> What is required
Everything in the listing below from the line containing "#49 plastic bottle" through the line containing "frying pan;0.745;0.181;2.197;0.431;0.056;0.253;19;38;4" must be repeated exactly; the remaining lines are not wanted.

> Records for this exercise
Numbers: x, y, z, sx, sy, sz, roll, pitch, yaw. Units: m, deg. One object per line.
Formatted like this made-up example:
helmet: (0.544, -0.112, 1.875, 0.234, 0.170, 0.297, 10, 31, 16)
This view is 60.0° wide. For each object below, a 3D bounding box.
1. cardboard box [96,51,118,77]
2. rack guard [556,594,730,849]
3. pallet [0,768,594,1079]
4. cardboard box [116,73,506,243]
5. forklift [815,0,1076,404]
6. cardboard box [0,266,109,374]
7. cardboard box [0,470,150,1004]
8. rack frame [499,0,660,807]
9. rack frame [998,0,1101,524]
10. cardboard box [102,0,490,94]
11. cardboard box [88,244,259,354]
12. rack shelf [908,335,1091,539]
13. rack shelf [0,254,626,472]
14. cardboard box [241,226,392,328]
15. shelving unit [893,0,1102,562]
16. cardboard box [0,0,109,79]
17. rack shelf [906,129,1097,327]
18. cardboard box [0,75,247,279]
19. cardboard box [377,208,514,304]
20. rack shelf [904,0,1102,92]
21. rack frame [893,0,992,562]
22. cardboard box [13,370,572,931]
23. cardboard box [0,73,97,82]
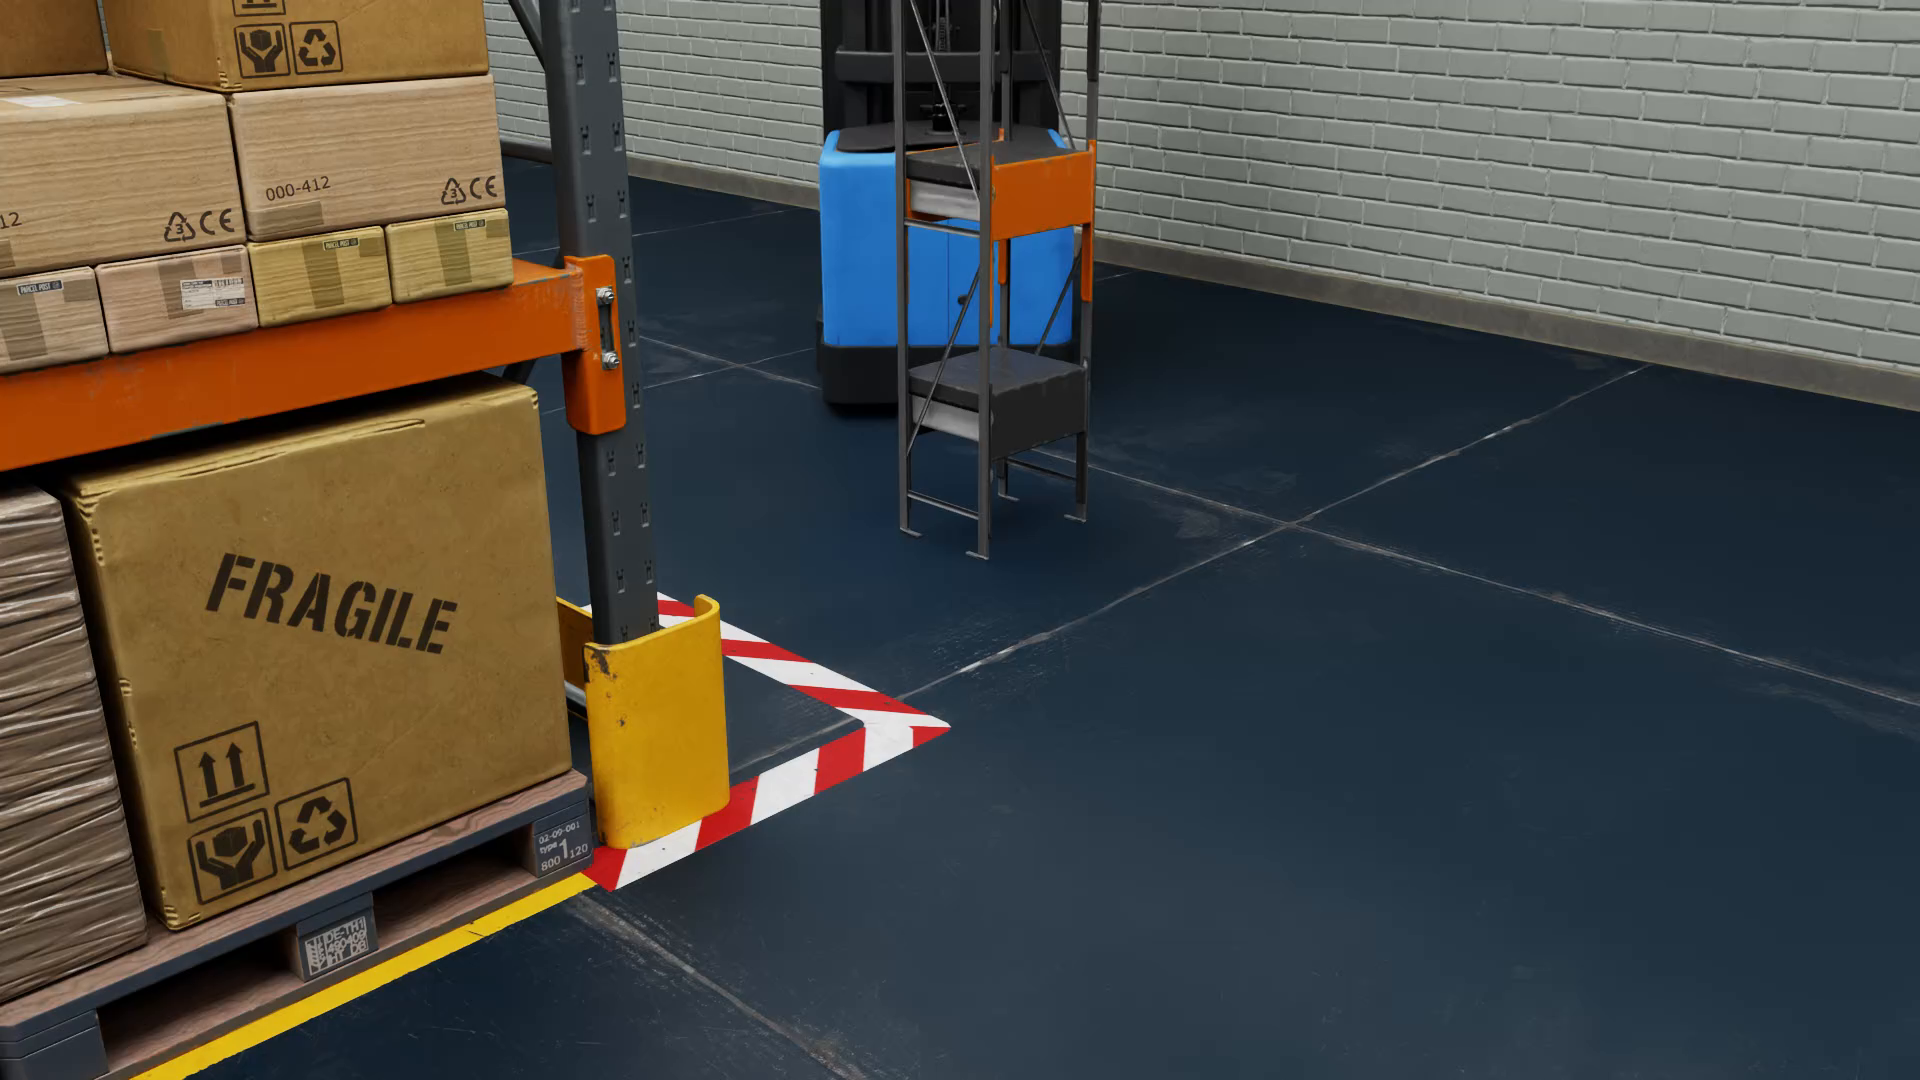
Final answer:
cardboard box: (-1.604, -0.889, 3.501, 0.500, 0.250, 0.500, 18, 28, 39)
rack guard: (-1.059, 0.285, 4.137, 1.175, 0.500, 0.348, 19, 28, 41)
pallet: (-1.577, 0.651, 3.587, 1.003, 0.211, 1.213, 19, 28, 41)
cardboard box: (-1.224, -0.754, 3.149, 0.500, 0.250, 0.500, 19, 28, 40)
forklift: (-0.095, -2.407, 7.752, 1.130, 2.935, 3.031, -1, 21, -2)
cardboard box: (-1.620, -0.389, 2.756, 0.250, 0.149, 0.380, -20, 28, -41)
cardboard box: (-2.100, 0.338, 2.889, 0.875, 0.875, 0.875, 19, 28, 41)
rack frame: (-1.076, -0.876, 3.672, 1.000, 3.000, 0.127, 19, 28, 41)
rack frame: (0.286, -1.085, 5.472, 0.400, 2.100, 0.015, 19, 28, 41)
cardboard box: (-1.227, -1.104, 3.014, 0.500, 0.500, 0.500, 20, 29, 41)
cardboard box: (-1.445, -0.453, 2.922, 0.380, 0.149, 0.250, 19, 28, 41)
rack shelf: (0.115, -0.357, 5.565, 0.431, 0.518, 0.480, 19, 28, 41)
rack shelf: (-2.471, -0.026, 2.464, 1.077, 0.370, 4.000, 19, 28, 41)
cardboard box: (-1.268, -0.517, 3.090, 0.380, 0.149, 0.250, 20, 28, 41)
shelving unit: (0.115, -1.023, 5.309, 0.431, 2.100, 0.503, 19, 28, 41)
cardboard box: (-1.953, -1.110, 3.032, 0.500, 0.500, 0.500, 18, 28, 39)
rack shelf: (0.115, -1.010, 5.313, 0.431, 0.518, 0.480, 19, 28, 41)
cardboard box: (-1.578, -0.623, 2.810, 0.500, 0.250, 0.500, 19, 28, 40)
cardboard box: (-1.088, -0.585, 3.265, 0.250, 0.149, 0.380, -20, 28, -41)
rack shelf: (0.116, -1.663, 5.062, 0.431, 0.518, 0.480, 19, 28, 41)
rack frame: (-0.055, -0.960, 5.145, 0.400, 2.100, 0.015, 19, 28, 41)
cardboard box: (-1.465, 0.104, 3.498, 0.875, 0.875, 0.875, 19, 28, 41)
cardboard box: (-1.962, -0.754, 3.149, 0.500, 0.250, 0.500, 19, 28, 40)
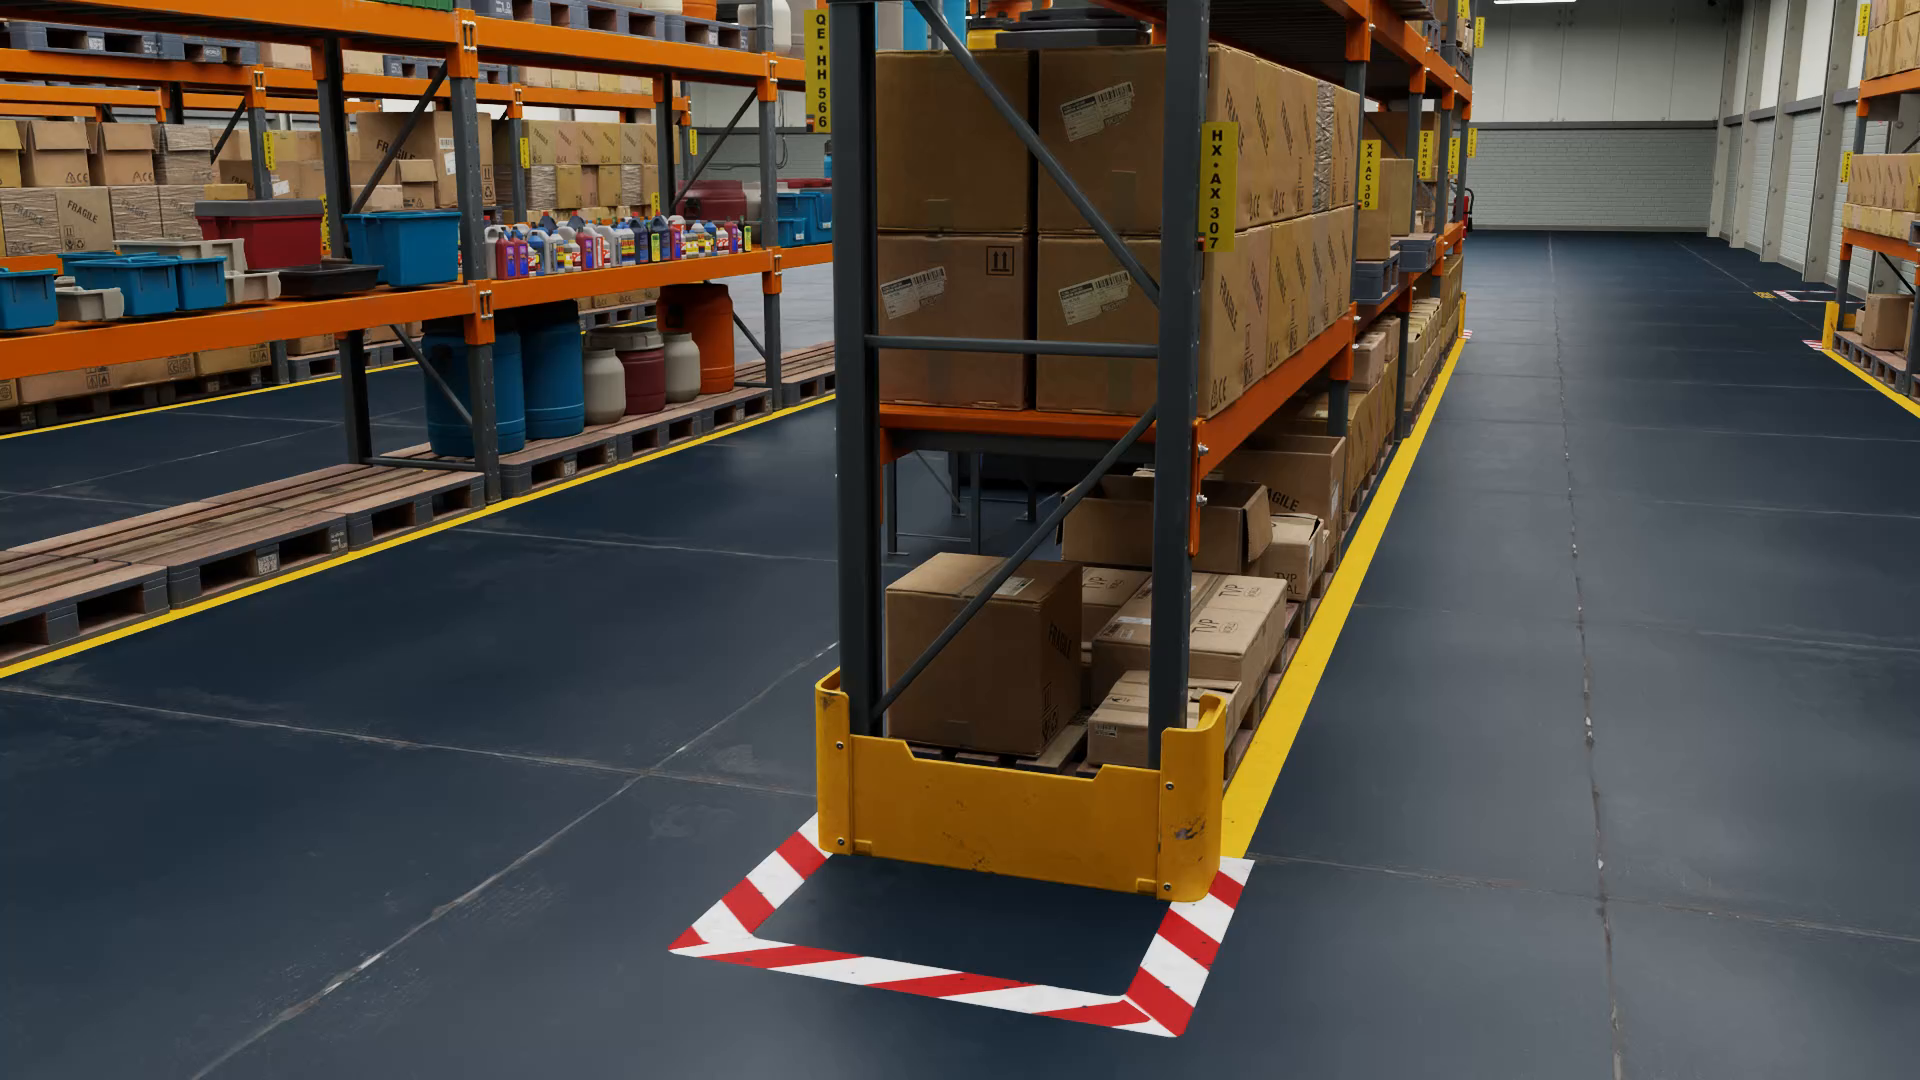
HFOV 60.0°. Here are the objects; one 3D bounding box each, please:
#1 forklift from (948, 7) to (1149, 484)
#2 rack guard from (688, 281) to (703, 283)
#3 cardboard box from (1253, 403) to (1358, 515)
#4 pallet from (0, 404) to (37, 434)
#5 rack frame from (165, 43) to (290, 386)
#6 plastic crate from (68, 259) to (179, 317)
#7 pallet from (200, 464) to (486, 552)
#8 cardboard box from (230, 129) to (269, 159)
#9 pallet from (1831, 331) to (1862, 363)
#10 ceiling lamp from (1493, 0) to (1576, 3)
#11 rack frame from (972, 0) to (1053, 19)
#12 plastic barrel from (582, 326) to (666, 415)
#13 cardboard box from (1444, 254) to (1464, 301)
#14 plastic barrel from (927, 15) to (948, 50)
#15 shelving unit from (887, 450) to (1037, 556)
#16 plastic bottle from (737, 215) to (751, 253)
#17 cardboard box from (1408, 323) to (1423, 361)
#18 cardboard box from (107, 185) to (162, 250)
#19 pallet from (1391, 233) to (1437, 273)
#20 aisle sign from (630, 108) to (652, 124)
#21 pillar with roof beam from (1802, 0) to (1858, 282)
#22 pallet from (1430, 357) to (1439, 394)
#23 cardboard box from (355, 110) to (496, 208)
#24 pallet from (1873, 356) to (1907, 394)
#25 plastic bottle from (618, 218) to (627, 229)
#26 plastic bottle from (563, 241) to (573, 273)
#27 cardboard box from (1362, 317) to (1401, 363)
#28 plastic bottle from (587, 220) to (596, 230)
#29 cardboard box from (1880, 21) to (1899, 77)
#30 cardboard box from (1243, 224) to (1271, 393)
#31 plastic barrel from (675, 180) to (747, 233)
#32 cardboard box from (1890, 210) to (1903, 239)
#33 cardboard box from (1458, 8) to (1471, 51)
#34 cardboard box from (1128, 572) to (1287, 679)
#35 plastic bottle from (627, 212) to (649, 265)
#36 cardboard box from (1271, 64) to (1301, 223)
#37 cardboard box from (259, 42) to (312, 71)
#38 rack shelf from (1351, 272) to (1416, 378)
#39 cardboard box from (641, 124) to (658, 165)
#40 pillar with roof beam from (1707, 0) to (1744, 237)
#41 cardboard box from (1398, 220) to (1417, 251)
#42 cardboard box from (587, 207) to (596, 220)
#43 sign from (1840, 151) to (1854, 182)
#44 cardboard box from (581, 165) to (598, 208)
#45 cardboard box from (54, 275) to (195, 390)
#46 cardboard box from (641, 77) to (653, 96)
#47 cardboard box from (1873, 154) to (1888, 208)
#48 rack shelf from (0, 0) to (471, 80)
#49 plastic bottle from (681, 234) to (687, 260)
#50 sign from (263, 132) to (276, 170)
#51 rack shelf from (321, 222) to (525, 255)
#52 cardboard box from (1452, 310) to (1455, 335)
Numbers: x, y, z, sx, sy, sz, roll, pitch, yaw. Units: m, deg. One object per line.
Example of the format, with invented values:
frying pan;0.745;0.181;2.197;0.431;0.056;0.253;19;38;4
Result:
forklift;0.907;-2.042;11.349;1.130;2.935;3.031;5;14;20
rack guard;-4.078;-3.366;22.613;1.175;0.500;0.348;4;14;18
cardboard box;1.824;-0.440;8.806;0.500;0.500;0.500;4;13;16
pallet;-7.757;-0.883;12.381;1.003;0.211;1.213;4;14;18
rack frame;-6.642;-2.917;15.025;1.000;3.000;0.127;4;14;18
plastic crate;-3.726;-1.129;7.434;0.416;0.233;0.300;4;14;18
pallet;-3.450;-0.201;9.393;1.003;0.211;1.213;4;14;18
cardboard box;-9.483;-5.040;21.565;0.875;0.550;0.550;4;14;18
pallet;9.687;-1.987;17.220;1.003;0.211;1.213;4;14;18
ceiling lamp;14.362;-14.952;41.157;2.000;3.185;0.800;4;14;18
rack frame;0.633;-7.169;20.175;1.000;3.000;0.127;4;14;18
plastic barrel;-2.463;-1.247;12.186;0.600;0.588;0.708;4;14;18
cardboard box;5.427;-2.982;18.864;0.500;0.500;0.500;4;14;18
plastic barrel;-0.336;-5.200;17.095;0.421;0.512;0.421;0;13;0
shelving unit;0.028;-0.749;8.900;0.538;1.500;1.048;4;14;18
plastic bottle;-1.682;-2.387;12.968;0.061;0.283;0.133;4;14;18
cardboard box;3.340;-1.541;12.972;0.500;0.311;0.500;4;13;17
cardboard box;-6.899;-2.629;13.543;0.500;0.500;0.500;4;13;17
pallet;2.578;-1.961;11.271;1.213;0.211;1.003;4;14;18
aisle sign;-4.317;-5.903;22.268;0.394;0.787;0.004;4;14;18
pillar with roof beam;10.409;-9.083;28.559;9.100;9.000;0.400;4;14;18
pallet;3.823;-1.527;15.205;1.003;0.211;1.213;4;14;18
cardboard box;-5.737;-4.099;17.913;1.000;1.000;1.000;4;14;19
pallet;8.897;-1.473;14.969;1.003;0.211;1.213;4;14;18
plastic bottle;-2.556;-2.305;12.636;0.097;0.271;0.097;0;13;0
plastic bottle;-2.526;-1.811;10.628;0.097;0.201;0.097;0;13;0
cardboard box;2.636;-1.338;11.053;0.500;0.250;0.500;5;14;21
plastic bottle;-2.732;-2.233;12.319;0.097;0.271;0.097;0;13;0
cardboard box;9.291;-4.779;16.177;0.500;0.500;0.500;5;14;21
cardboard box;0.697;-0.750;5.310;0.500;0.500;0.500;4;14;18
plastic barrel;-2.092;-2.746;13.972;0.600;0.536;0.708;4;14;18
cardboard box;8.749;-2.851;15.032;0.500;0.250;0.500;4;14;19
cardboard box;4.677;-5.168;16.659;0.797;0.503;0.637;6;14;25
cardboard box;0.910;0.303;6.109;0.500;0.250;0.500;4;14;18
plastic bottle;-2.246;-2.082;11.479;0.144;0.351;0.185;4;14;18
cardboard box;0.864;-1.344;5.666;0.500;0.500;0.500;5;14;19
cardboard box;-6.249;-4.386;15.062;0.500;0.250;0.500;5;14;19
rack shelf;2.084;-1.431;10.132;1.077;0.370;4.000;4;14;18
cardboard box;-4.154;-5.043;21.201;0.500;0.500;0.500;4;14;18
pillar with roof beam;16.233;-12.873;45.164;9.100;9.000;0.548;4;14;18
cardboard box;3.203;-2.333;12.671;0.500;0.311;0.500;4;14;18
cardboard box;-4.612;-3.925;20.008;0.380;0.149;0.250;4;14;18
sign;9.494;-3.992;17.792;0.100;0.325;0.005;4;14;18
cardboard box;-4.882;-4.258;20.010;0.875;0.500;0.500;4;14;18
cardboard box;-7.180;-1.755;13.765;1.225;0.875;0.875;4;14;19
cardboard box;-4.128;-5.765;21.102;0.500;0.250;0.500;4;14;19
cardboard box;9.070;-3.433;15.896;0.500;0.500;0.500;5;14;20
rack shelf;-3.896;-2.408;7.674;1.077;0.370;4.000;4;14;18
plastic bottle;-2.032;-2.132;12.035;0.097;0.201;0.097;0;13;0
sign;-6.115;-3.442;14.725;0.100;0.325;0.005;4;14;18
rack shelf;-5.994;-2.987;16.950;1.077;0.370;4.000;4;14;18
cardboard box;4.951;-2.300;17.561;0.500;0.250;0.500;4;14;18

> Answer for this exercise
#49 plastic bottle from (681, 234) to (687, 260)
#50 sign from (263, 132) to (276, 170)
#51 rack shelf from (321, 222) to (525, 255)
#52 cardboard box from (1452, 310) to (1455, 335)
Numbers: x, y, z, sx, sy, sz, roll, pitch, yaw. Units: m, deg. One object per line.
Example of the format, with invented values:
frying pan;0.745;0.181;2.197;0.431;0.056;0.253;19;38;4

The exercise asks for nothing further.